Non posso accettare di stare zitto. Il decennale dell’11 settembre ha messo in moto tutti
i mezzi di comunicazione. E’ giusto. Quel devastante attentato terroristico ha
provocato uno sconvolgimento così profondo delle nostre vite che deve essere
ricordato e ricollocato nella memoria collettiva. Quello che non trovo giusto è
l’uso retorico e strumentale che si sta facendo delle vittime di quella
tragedia. Di una parte delle vittime, per la verità. Perché, e questo è il fatto
che più non mi dà pace, noi tutti stiamo più o meno strumentalmente onorando la
memoria solo di alcune vittime e non di tutte. Quelle che sono morte sul suolo
americano. Le altre non esistono, o forse non devono esistere. Quali altre?
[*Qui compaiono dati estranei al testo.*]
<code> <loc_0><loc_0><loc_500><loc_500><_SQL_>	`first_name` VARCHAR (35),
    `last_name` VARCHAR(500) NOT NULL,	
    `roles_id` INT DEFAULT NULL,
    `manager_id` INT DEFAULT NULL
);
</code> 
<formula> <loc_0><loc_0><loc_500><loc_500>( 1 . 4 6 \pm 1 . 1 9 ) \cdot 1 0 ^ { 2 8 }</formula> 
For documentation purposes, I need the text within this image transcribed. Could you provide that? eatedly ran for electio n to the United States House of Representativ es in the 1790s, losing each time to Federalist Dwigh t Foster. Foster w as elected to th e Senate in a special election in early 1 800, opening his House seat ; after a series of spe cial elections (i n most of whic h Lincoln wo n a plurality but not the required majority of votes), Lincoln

Quelle che sono state ammazzate al di fuori degli Stati Uniti a causa di
quell’attentato e delle scelte più scellerate che l’hanno seguito. Penso a
quelle duecentoventicinquemila persone che sono morte in Afghanistan, in Iraq,
in Pakistan nelle guerre che abbiamo iniziato e mai finito dopo l’11 settembre.
Nessuno sa realmente quante siano perché nessuno è mai riuscito effettivamente a
contarle. Nessuno conosce i loro nomi, nessuno ha raccolto le loro foto, nessuno
ha ricostruito le loro storie, nessuno sta costruendo in loro onore un
memoriale, nessuno è andato a incontrare a scusarsi con i loro familiari,
nessuno si è preso cura di loro. Eppure anche loro sono morte a causa dell’11
settembre. Eppure anche loro erano quasi tutti innocenti. La loro sola colpa è
stata di nascere nel posto sbagliato con il regime sbagliato. Non
dimentichiamoli, dunque. Anche loro hanno diritto di entrare nella nostra
memoria collettiva e nonostante qualcuno cerchi di cancellarli, ci entreranno.
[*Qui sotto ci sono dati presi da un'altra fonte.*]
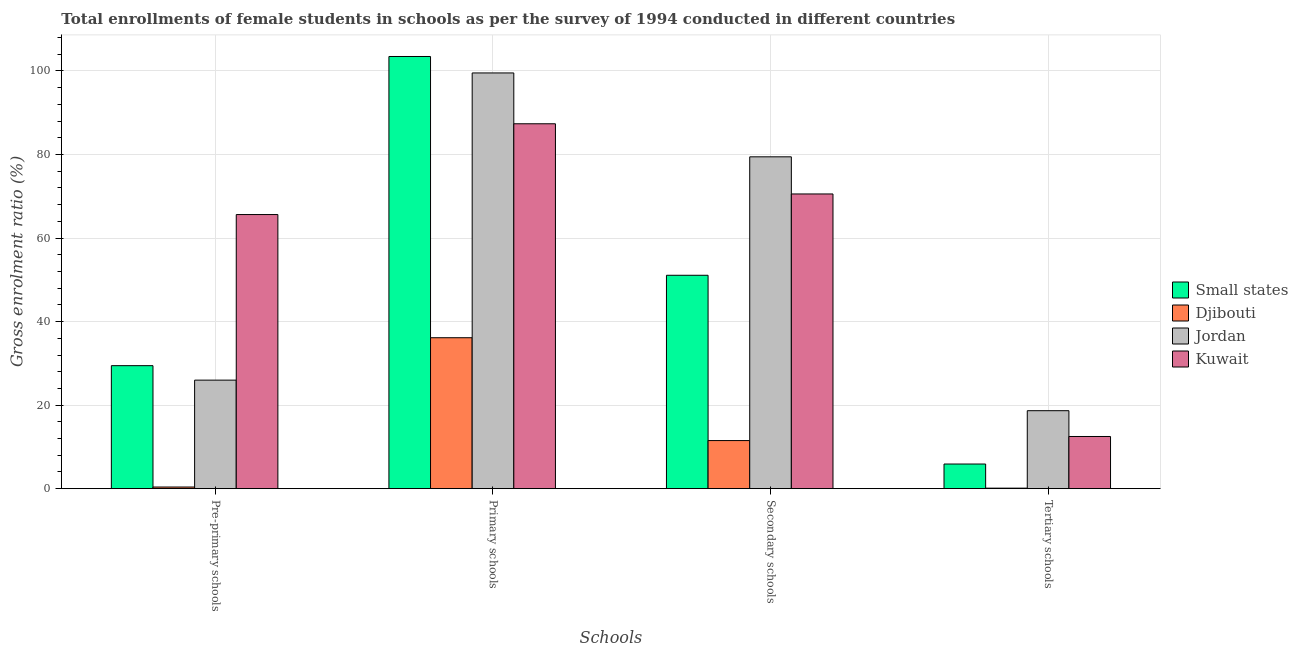How many different coloured bars are there?
Your response must be concise. 4. How many groups of bars are there?
Your response must be concise. 4. Are the number of bars on each tick of the X-axis equal?
Keep it short and to the point. Yes. What is the label of the 2nd group of bars from the left?
Your answer should be very brief. Primary schools. What is the gross enrolment ratio(female) in secondary schools in Kuwait?
Your response must be concise. 70.55. Across all countries, what is the maximum gross enrolment ratio(female) in primary schools?
Give a very brief answer. 103.46. Across all countries, what is the minimum gross enrolment ratio(female) in primary schools?
Ensure brevity in your answer.  36.14. In which country was the gross enrolment ratio(female) in tertiary schools maximum?
Give a very brief answer. Jordan. In which country was the gross enrolment ratio(female) in tertiary schools minimum?
Offer a very short reply. Djibouti. What is the total gross enrolment ratio(female) in pre-primary schools in the graph?
Offer a terse response. 121.45. What is the difference between the gross enrolment ratio(female) in secondary schools in Jordan and that in Kuwait?
Provide a short and direct response. 8.89. What is the difference between the gross enrolment ratio(female) in pre-primary schools in Small states and the gross enrolment ratio(female) in secondary schools in Kuwait?
Ensure brevity in your answer.  -41.11. What is the average gross enrolment ratio(female) in pre-primary schools per country?
Offer a terse response. 30.36. What is the difference between the gross enrolment ratio(female) in pre-primary schools and gross enrolment ratio(female) in secondary schools in Djibouti?
Give a very brief answer. -11.12. What is the ratio of the gross enrolment ratio(female) in primary schools in Kuwait to that in Small states?
Keep it short and to the point. 0.84. Is the gross enrolment ratio(female) in primary schools in Kuwait less than that in Djibouti?
Give a very brief answer. No. Is the difference between the gross enrolment ratio(female) in tertiary schools in Kuwait and Djibouti greater than the difference between the gross enrolment ratio(female) in pre-primary schools in Kuwait and Djibouti?
Your answer should be very brief. No. What is the difference between the highest and the second highest gross enrolment ratio(female) in tertiary schools?
Your answer should be very brief. 6.18. What is the difference between the highest and the lowest gross enrolment ratio(female) in primary schools?
Your answer should be compact. 67.33. In how many countries, is the gross enrolment ratio(female) in secondary schools greater than the average gross enrolment ratio(female) in secondary schools taken over all countries?
Provide a succinct answer. 2. Is the sum of the gross enrolment ratio(female) in secondary schools in Jordan and Kuwait greater than the maximum gross enrolment ratio(female) in primary schools across all countries?
Keep it short and to the point. Yes. What does the 1st bar from the left in Primary schools represents?
Provide a succinct answer. Small states. What does the 1st bar from the right in Primary schools represents?
Your response must be concise. Kuwait. How many bars are there?
Your response must be concise. 16. Are all the bars in the graph horizontal?
Ensure brevity in your answer.  No. Does the graph contain any zero values?
Offer a very short reply. No. Does the graph contain grids?
Offer a very short reply. Yes. How are the legend labels stacked?
Offer a very short reply. Vertical. What is the title of the graph?
Make the answer very short. Total enrollments of female students in schools as per the survey of 1994 conducted in different countries. What is the label or title of the X-axis?
Make the answer very short. Schools. What is the Gross enrolment ratio (%) of Small states in Pre-primary schools?
Offer a very short reply. 29.45. What is the Gross enrolment ratio (%) in Djibouti in Pre-primary schools?
Give a very brief answer. 0.4. What is the Gross enrolment ratio (%) of Jordan in Pre-primary schools?
Offer a terse response. 25.98. What is the Gross enrolment ratio (%) of Kuwait in Pre-primary schools?
Your response must be concise. 65.62. What is the Gross enrolment ratio (%) in Small states in Primary schools?
Your response must be concise. 103.46. What is the Gross enrolment ratio (%) of Djibouti in Primary schools?
Give a very brief answer. 36.14. What is the Gross enrolment ratio (%) in Jordan in Primary schools?
Your answer should be compact. 99.53. What is the Gross enrolment ratio (%) of Kuwait in Primary schools?
Your response must be concise. 87.36. What is the Gross enrolment ratio (%) in Small states in Secondary schools?
Make the answer very short. 51.09. What is the Gross enrolment ratio (%) of Djibouti in Secondary schools?
Offer a terse response. 11.52. What is the Gross enrolment ratio (%) in Jordan in Secondary schools?
Give a very brief answer. 79.44. What is the Gross enrolment ratio (%) in Kuwait in Secondary schools?
Your answer should be compact. 70.55. What is the Gross enrolment ratio (%) of Small states in Tertiary schools?
Provide a short and direct response. 5.9. What is the Gross enrolment ratio (%) of Djibouti in Tertiary schools?
Offer a terse response. 0.13. What is the Gross enrolment ratio (%) of Jordan in Tertiary schools?
Ensure brevity in your answer.  18.67. What is the Gross enrolment ratio (%) in Kuwait in Tertiary schools?
Your answer should be very brief. 12.49. Across all Schools, what is the maximum Gross enrolment ratio (%) in Small states?
Your answer should be very brief. 103.46. Across all Schools, what is the maximum Gross enrolment ratio (%) of Djibouti?
Give a very brief answer. 36.14. Across all Schools, what is the maximum Gross enrolment ratio (%) of Jordan?
Keep it short and to the point. 99.53. Across all Schools, what is the maximum Gross enrolment ratio (%) of Kuwait?
Your response must be concise. 87.36. Across all Schools, what is the minimum Gross enrolment ratio (%) in Small states?
Offer a terse response. 5.9. Across all Schools, what is the minimum Gross enrolment ratio (%) in Djibouti?
Provide a succinct answer. 0.13. Across all Schools, what is the minimum Gross enrolment ratio (%) in Jordan?
Your answer should be very brief. 18.67. Across all Schools, what is the minimum Gross enrolment ratio (%) in Kuwait?
Offer a terse response. 12.49. What is the total Gross enrolment ratio (%) of Small states in the graph?
Provide a succinct answer. 189.9. What is the total Gross enrolment ratio (%) in Djibouti in the graph?
Offer a very short reply. 48.17. What is the total Gross enrolment ratio (%) in Jordan in the graph?
Keep it short and to the point. 223.62. What is the total Gross enrolment ratio (%) of Kuwait in the graph?
Offer a terse response. 236.03. What is the difference between the Gross enrolment ratio (%) of Small states in Pre-primary schools and that in Primary schools?
Offer a very short reply. -74.02. What is the difference between the Gross enrolment ratio (%) in Djibouti in Pre-primary schools and that in Primary schools?
Your answer should be compact. -35.74. What is the difference between the Gross enrolment ratio (%) in Jordan in Pre-primary schools and that in Primary schools?
Provide a short and direct response. -73.54. What is the difference between the Gross enrolment ratio (%) of Kuwait in Pre-primary schools and that in Primary schools?
Offer a terse response. -21.73. What is the difference between the Gross enrolment ratio (%) of Small states in Pre-primary schools and that in Secondary schools?
Your response must be concise. -21.64. What is the difference between the Gross enrolment ratio (%) in Djibouti in Pre-primary schools and that in Secondary schools?
Ensure brevity in your answer.  -11.12. What is the difference between the Gross enrolment ratio (%) of Jordan in Pre-primary schools and that in Secondary schools?
Your answer should be very brief. -53.46. What is the difference between the Gross enrolment ratio (%) in Kuwait in Pre-primary schools and that in Secondary schools?
Offer a very short reply. -4.93. What is the difference between the Gross enrolment ratio (%) of Small states in Pre-primary schools and that in Tertiary schools?
Make the answer very short. 23.55. What is the difference between the Gross enrolment ratio (%) in Djibouti in Pre-primary schools and that in Tertiary schools?
Your answer should be very brief. 0.27. What is the difference between the Gross enrolment ratio (%) of Jordan in Pre-primary schools and that in Tertiary schools?
Your answer should be compact. 7.32. What is the difference between the Gross enrolment ratio (%) in Kuwait in Pre-primary schools and that in Tertiary schools?
Provide a succinct answer. 53.13. What is the difference between the Gross enrolment ratio (%) in Small states in Primary schools and that in Secondary schools?
Your answer should be compact. 52.38. What is the difference between the Gross enrolment ratio (%) in Djibouti in Primary schools and that in Secondary schools?
Give a very brief answer. 24.62. What is the difference between the Gross enrolment ratio (%) of Jordan in Primary schools and that in Secondary schools?
Keep it short and to the point. 20.08. What is the difference between the Gross enrolment ratio (%) in Kuwait in Primary schools and that in Secondary schools?
Make the answer very short. 16.8. What is the difference between the Gross enrolment ratio (%) of Small states in Primary schools and that in Tertiary schools?
Provide a succinct answer. 97.56. What is the difference between the Gross enrolment ratio (%) in Djibouti in Primary schools and that in Tertiary schools?
Your response must be concise. 36.01. What is the difference between the Gross enrolment ratio (%) in Jordan in Primary schools and that in Tertiary schools?
Offer a terse response. 80.86. What is the difference between the Gross enrolment ratio (%) in Kuwait in Primary schools and that in Tertiary schools?
Keep it short and to the point. 74.87. What is the difference between the Gross enrolment ratio (%) of Small states in Secondary schools and that in Tertiary schools?
Your answer should be very brief. 45.19. What is the difference between the Gross enrolment ratio (%) in Djibouti in Secondary schools and that in Tertiary schools?
Offer a terse response. 11.39. What is the difference between the Gross enrolment ratio (%) in Jordan in Secondary schools and that in Tertiary schools?
Ensure brevity in your answer.  60.78. What is the difference between the Gross enrolment ratio (%) in Kuwait in Secondary schools and that in Tertiary schools?
Offer a terse response. 58.06. What is the difference between the Gross enrolment ratio (%) in Small states in Pre-primary schools and the Gross enrolment ratio (%) in Djibouti in Primary schools?
Ensure brevity in your answer.  -6.69. What is the difference between the Gross enrolment ratio (%) in Small states in Pre-primary schools and the Gross enrolment ratio (%) in Jordan in Primary schools?
Give a very brief answer. -70.08. What is the difference between the Gross enrolment ratio (%) in Small states in Pre-primary schools and the Gross enrolment ratio (%) in Kuwait in Primary schools?
Offer a very short reply. -57.91. What is the difference between the Gross enrolment ratio (%) of Djibouti in Pre-primary schools and the Gross enrolment ratio (%) of Jordan in Primary schools?
Offer a very short reply. -99.13. What is the difference between the Gross enrolment ratio (%) in Djibouti in Pre-primary schools and the Gross enrolment ratio (%) in Kuwait in Primary schools?
Make the answer very short. -86.96. What is the difference between the Gross enrolment ratio (%) of Jordan in Pre-primary schools and the Gross enrolment ratio (%) of Kuwait in Primary schools?
Give a very brief answer. -61.37. What is the difference between the Gross enrolment ratio (%) in Small states in Pre-primary schools and the Gross enrolment ratio (%) in Djibouti in Secondary schools?
Keep it short and to the point. 17.93. What is the difference between the Gross enrolment ratio (%) of Small states in Pre-primary schools and the Gross enrolment ratio (%) of Jordan in Secondary schools?
Your answer should be very brief. -50. What is the difference between the Gross enrolment ratio (%) in Small states in Pre-primary schools and the Gross enrolment ratio (%) in Kuwait in Secondary schools?
Your answer should be very brief. -41.11. What is the difference between the Gross enrolment ratio (%) in Djibouti in Pre-primary schools and the Gross enrolment ratio (%) in Jordan in Secondary schools?
Your answer should be very brief. -79.05. What is the difference between the Gross enrolment ratio (%) in Djibouti in Pre-primary schools and the Gross enrolment ratio (%) in Kuwait in Secondary schools?
Make the answer very short. -70.16. What is the difference between the Gross enrolment ratio (%) in Jordan in Pre-primary schools and the Gross enrolment ratio (%) in Kuwait in Secondary schools?
Your answer should be very brief. -44.57. What is the difference between the Gross enrolment ratio (%) of Small states in Pre-primary schools and the Gross enrolment ratio (%) of Djibouti in Tertiary schools?
Offer a terse response. 29.32. What is the difference between the Gross enrolment ratio (%) of Small states in Pre-primary schools and the Gross enrolment ratio (%) of Jordan in Tertiary schools?
Keep it short and to the point. 10.78. What is the difference between the Gross enrolment ratio (%) in Small states in Pre-primary schools and the Gross enrolment ratio (%) in Kuwait in Tertiary schools?
Your answer should be very brief. 16.96. What is the difference between the Gross enrolment ratio (%) of Djibouti in Pre-primary schools and the Gross enrolment ratio (%) of Jordan in Tertiary schools?
Give a very brief answer. -18.27. What is the difference between the Gross enrolment ratio (%) in Djibouti in Pre-primary schools and the Gross enrolment ratio (%) in Kuwait in Tertiary schools?
Provide a short and direct response. -12.1. What is the difference between the Gross enrolment ratio (%) of Jordan in Pre-primary schools and the Gross enrolment ratio (%) of Kuwait in Tertiary schools?
Ensure brevity in your answer.  13.49. What is the difference between the Gross enrolment ratio (%) of Small states in Primary schools and the Gross enrolment ratio (%) of Djibouti in Secondary schools?
Your answer should be very brief. 91.95. What is the difference between the Gross enrolment ratio (%) in Small states in Primary schools and the Gross enrolment ratio (%) in Jordan in Secondary schools?
Make the answer very short. 24.02. What is the difference between the Gross enrolment ratio (%) of Small states in Primary schools and the Gross enrolment ratio (%) of Kuwait in Secondary schools?
Provide a succinct answer. 32.91. What is the difference between the Gross enrolment ratio (%) of Djibouti in Primary schools and the Gross enrolment ratio (%) of Jordan in Secondary schools?
Give a very brief answer. -43.31. What is the difference between the Gross enrolment ratio (%) of Djibouti in Primary schools and the Gross enrolment ratio (%) of Kuwait in Secondary schools?
Ensure brevity in your answer.  -34.42. What is the difference between the Gross enrolment ratio (%) in Jordan in Primary schools and the Gross enrolment ratio (%) in Kuwait in Secondary schools?
Offer a terse response. 28.97. What is the difference between the Gross enrolment ratio (%) in Small states in Primary schools and the Gross enrolment ratio (%) in Djibouti in Tertiary schools?
Your answer should be compact. 103.34. What is the difference between the Gross enrolment ratio (%) of Small states in Primary schools and the Gross enrolment ratio (%) of Jordan in Tertiary schools?
Your response must be concise. 84.8. What is the difference between the Gross enrolment ratio (%) of Small states in Primary schools and the Gross enrolment ratio (%) of Kuwait in Tertiary schools?
Provide a short and direct response. 90.97. What is the difference between the Gross enrolment ratio (%) of Djibouti in Primary schools and the Gross enrolment ratio (%) of Jordan in Tertiary schools?
Provide a succinct answer. 17.47. What is the difference between the Gross enrolment ratio (%) in Djibouti in Primary schools and the Gross enrolment ratio (%) in Kuwait in Tertiary schools?
Give a very brief answer. 23.65. What is the difference between the Gross enrolment ratio (%) of Jordan in Primary schools and the Gross enrolment ratio (%) of Kuwait in Tertiary schools?
Ensure brevity in your answer.  87.03. What is the difference between the Gross enrolment ratio (%) of Small states in Secondary schools and the Gross enrolment ratio (%) of Djibouti in Tertiary schools?
Make the answer very short. 50.96. What is the difference between the Gross enrolment ratio (%) in Small states in Secondary schools and the Gross enrolment ratio (%) in Jordan in Tertiary schools?
Your response must be concise. 32.42. What is the difference between the Gross enrolment ratio (%) in Small states in Secondary schools and the Gross enrolment ratio (%) in Kuwait in Tertiary schools?
Provide a short and direct response. 38.6. What is the difference between the Gross enrolment ratio (%) of Djibouti in Secondary schools and the Gross enrolment ratio (%) of Jordan in Tertiary schools?
Your answer should be very brief. -7.15. What is the difference between the Gross enrolment ratio (%) of Djibouti in Secondary schools and the Gross enrolment ratio (%) of Kuwait in Tertiary schools?
Your answer should be compact. -0.97. What is the difference between the Gross enrolment ratio (%) in Jordan in Secondary schools and the Gross enrolment ratio (%) in Kuwait in Tertiary schools?
Give a very brief answer. 66.95. What is the average Gross enrolment ratio (%) in Small states per Schools?
Offer a terse response. 47.48. What is the average Gross enrolment ratio (%) in Djibouti per Schools?
Your answer should be compact. 12.04. What is the average Gross enrolment ratio (%) of Jordan per Schools?
Make the answer very short. 55.91. What is the average Gross enrolment ratio (%) in Kuwait per Schools?
Ensure brevity in your answer.  59.01. What is the difference between the Gross enrolment ratio (%) of Small states and Gross enrolment ratio (%) of Djibouti in Pre-primary schools?
Give a very brief answer. 29.05. What is the difference between the Gross enrolment ratio (%) in Small states and Gross enrolment ratio (%) in Jordan in Pre-primary schools?
Offer a terse response. 3.46. What is the difference between the Gross enrolment ratio (%) in Small states and Gross enrolment ratio (%) in Kuwait in Pre-primary schools?
Your response must be concise. -36.18. What is the difference between the Gross enrolment ratio (%) of Djibouti and Gross enrolment ratio (%) of Jordan in Pre-primary schools?
Offer a very short reply. -25.59. What is the difference between the Gross enrolment ratio (%) of Djibouti and Gross enrolment ratio (%) of Kuwait in Pre-primary schools?
Your response must be concise. -65.23. What is the difference between the Gross enrolment ratio (%) of Jordan and Gross enrolment ratio (%) of Kuwait in Pre-primary schools?
Make the answer very short. -39.64. What is the difference between the Gross enrolment ratio (%) in Small states and Gross enrolment ratio (%) in Djibouti in Primary schools?
Ensure brevity in your answer.  67.33. What is the difference between the Gross enrolment ratio (%) in Small states and Gross enrolment ratio (%) in Jordan in Primary schools?
Ensure brevity in your answer.  3.94. What is the difference between the Gross enrolment ratio (%) of Small states and Gross enrolment ratio (%) of Kuwait in Primary schools?
Offer a very short reply. 16.11. What is the difference between the Gross enrolment ratio (%) of Djibouti and Gross enrolment ratio (%) of Jordan in Primary schools?
Provide a short and direct response. -63.39. What is the difference between the Gross enrolment ratio (%) in Djibouti and Gross enrolment ratio (%) in Kuwait in Primary schools?
Your answer should be very brief. -51.22. What is the difference between the Gross enrolment ratio (%) in Jordan and Gross enrolment ratio (%) in Kuwait in Primary schools?
Offer a terse response. 12.17. What is the difference between the Gross enrolment ratio (%) of Small states and Gross enrolment ratio (%) of Djibouti in Secondary schools?
Make the answer very short. 39.57. What is the difference between the Gross enrolment ratio (%) of Small states and Gross enrolment ratio (%) of Jordan in Secondary schools?
Your response must be concise. -28.36. What is the difference between the Gross enrolment ratio (%) of Small states and Gross enrolment ratio (%) of Kuwait in Secondary schools?
Keep it short and to the point. -19.47. What is the difference between the Gross enrolment ratio (%) of Djibouti and Gross enrolment ratio (%) of Jordan in Secondary schools?
Make the answer very short. -67.93. What is the difference between the Gross enrolment ratio (%) in Djibouti and Gross enrolment ratio (%) in Kuwait in Secondary schools?
Offer a terse response. -59.04. What is the difference between the Gross enrolment ratio (%) of Jordan and Gross enrolment ratio (%) of Kuwait in Secondary schools?
Provide a short and direct response. 8.89. What is the difference between the Gross enrolment ratio (%) of Small states and Gross enrolment ratio (%) of Djibouti in Tertiary schools?
Your response must be concise. 5.78. What is the difference between the Gross enrolment ratio (%) of Small states and Gross enrolment ratio (%) of Jordan in Tertiary schools?
Make the answer very short. -12.77. What is the difference between the Gross enrolment ratio (%) in Small states and Gross enrolment ratio (%) in Kuwait in Tertiary schools?
Provide a short and direct response. -6.59. What is the difference between the Gross enrolment ratio (%) of Djibouti and Gross enrolment ratio (%) of Jordan in Tertiary schools?
Keep it short and to the point. -18.54. What is the difference between the Gross enrolment ratio (%) of Djibouti and Gross enrolment ratio (%) of Kuwait in Tertiary schools?
Make the answer very short. -12.37. What is the difference between the Gross enrolment ratio (%) in Jordan and Gross enrolment ratio (%) in Kuwait in Tertiary schools?
Provide a short and direct response. 6.18. What is the ratio of the Gross enrolment ratio (%) in Small states in Pre-primary schools to that in Primary schools?
Keep it short and to the point. 0.28. What is the ratio of the Gross enrolment ratio (%) of Djibouti in Pre-primary schools to that in Primary schools?
Ensure brevity in your answer.  0.01. What is the ratio of the Gross enrolment ratio (%) of Jordan in Pre-primary schools to that in Primary schools?
Provide a succinct answer. 0.26. What is the ratio of the Gross enrolment ratio (%) of Kuwait in Pre-primary schools to that in Primary schools?
Offer a very short reply. 0.75. What is the ratio of the Gross enrolment ratio (%) of Small states in Pre-primary schools to that in Secondary schools?
Provide a succinct answer. 0.58. What is the ratio of the Gross enrolment ratio (%) in Djibouti in Pre-primary schools to that in Secondary schools?
Make the answer very short. 0.03. What is the ratio of the Gross enrolment ratio (%) in Jordan in Pre-primary schools to that in Secondary schools?
Keep it short and to the point. 0.33. What is the ratio of the Gross enrolment ratio (%) of Kuwait in Pre-primary schools to that in Secondary schools?
Keep it short and to the point. 0.93. What is the ratio of the Gross enrolment ratio (%) in Small states in Pre-primary schools to that in Tertiary schools?
Offer a terse response. 4.99. What is the ratio of the Gross enrolment ratio (%) of Djibouti in Pre-primary schools to that in Tertiary schools?
Your answer should be compact. 3.15. What is the ratio of the Gross enrolment ratio (%) of Jordan in Pre-primary schools to that in Tertiary schools?
Offer a terse response. 1.39. What is the ratio of the Gross enrolment ratio (%) of Kuwait in Pre-primary schools to that in Tertiary schools?
Keep it short and to the point. 5.25. What is the ratio of the Gross enrolment ratio (%) in Small states in Primary schools to that in Secondary schools?
Offer a terse response. 2.03. What is the ratio of the Gross enrolment ratio (%) in Djibouti in Primary schools to that in Secondary schools?
Ensure brevity in your answer.  3.14. What is the ratio of the Gross enrolment ratio (%) of Jordan in Primary schools to that in Secondary schools?
Offer a terse response. 1.25. What is the ratio of the Gross enrolment ratio (%) of Kuwait in Primary schools to that in Secondary schools?
Provide a succinct answer. 1.24. What is the ratio of the Gross enrolment ratio (%) of Small states in Primary schools to that in Tertiary schools?
Your answer should be compact. 17.53. What is the ratio of the Gross enrolment ratio (%) in Djibouti in Primary schools to that in Tertiary schools?
Ensure brevity in your answer.  288.29. What is the ratio of the Gross enrolment ratio (%) in Jordan in Primary schools to that in Tertiary schools?
Your answer should be compact. 5.33. What is the ratio of the Gross enrolment ratio (%) of Kuwait in Primary schools to that in Tertiary schools?
Your answer should be very brief. 6.99. What is the ratio of the Gross enrolment ratio (%) of Small states in Secondary schools to that in Tertiary schools?
Ensure brevity in your answer.  8.66. What is the ratio of the Gross enrolment ratio (%) of Djibouti in Secondary schools to that in Tertiary schools?
Your answer should be compact. 91.88. What is the ratio of the Gross enrolment ratio (%) in Jordan in Secondary schools to that in Tertiary schools?
Give a very brief answer. 4.26. What is the ratio of the Gross enrolment ratio (%) of Kuwait in Secondary schools to that in Tertiary schools?
Offer a terse response. 5.65. What is the difference between the highest and the second highest Gross enrolment ratio (%) of Small states?
Offer a terse response. 52.38. What is the difference between the highest and the second highest Gross enrolment ratio (%) of Djibouti?
Give a very brief answer. 24.62. What is the difference between the highest and the second highest Gross enrolment ratio (%) of Jordan?
Ensure brevity in your answer.  20.08. What is the difference between the highest and the second highest Gross enrolment ratio (%) of Kuwait?
Offer a very short reply. 16.8. What is the difference between the highest and the lowest Gross enrolment ratio (%) of Small states?
Give a very brief answer. 97.56. What is the difference between the highest and the lowest Gross enrolment ratio (%) of Djibouti?
Your answer should be very brief. 36.01. What is the difference between the highest and the lowest Gross enrolment ratio (%) of Jordan?
Your response must be concise. 80.86. What is the difference between the highest and the lowest Gross enrolment ratio (%) in Kuwait?
Your answer should be very brief. 74.87.

Perché la storia non si cancella.

PS: Aggiungo una sola breve considerazione sul bilancio di questo
decennio. L’11 settembre 2001 la storia ha fatto un passo indietro. Pochi giorni
dopo, il 7 ottobre, la storia ne ha fatto un altro. Molti altri passi indietro
sono poi seguiti e oggi ci ritroviamo prigionieri di una gravissima crisi
economica da cui non sappiamo come uscire. Questa è la storia di noi occidentali
ma non di tutto il mondo. Per un’altra parte dell’umanità il bilancio di questo
decennio è tutt’altro che negativo. Mentre noi spendevamo oltre 4 trilioni di
dollari per fare la guerra altri investivano sullo sviluppo. Così noi oggi ci
ritroviamo più poveri e insicuri e loro hanno ritmi di crescita impressionanti.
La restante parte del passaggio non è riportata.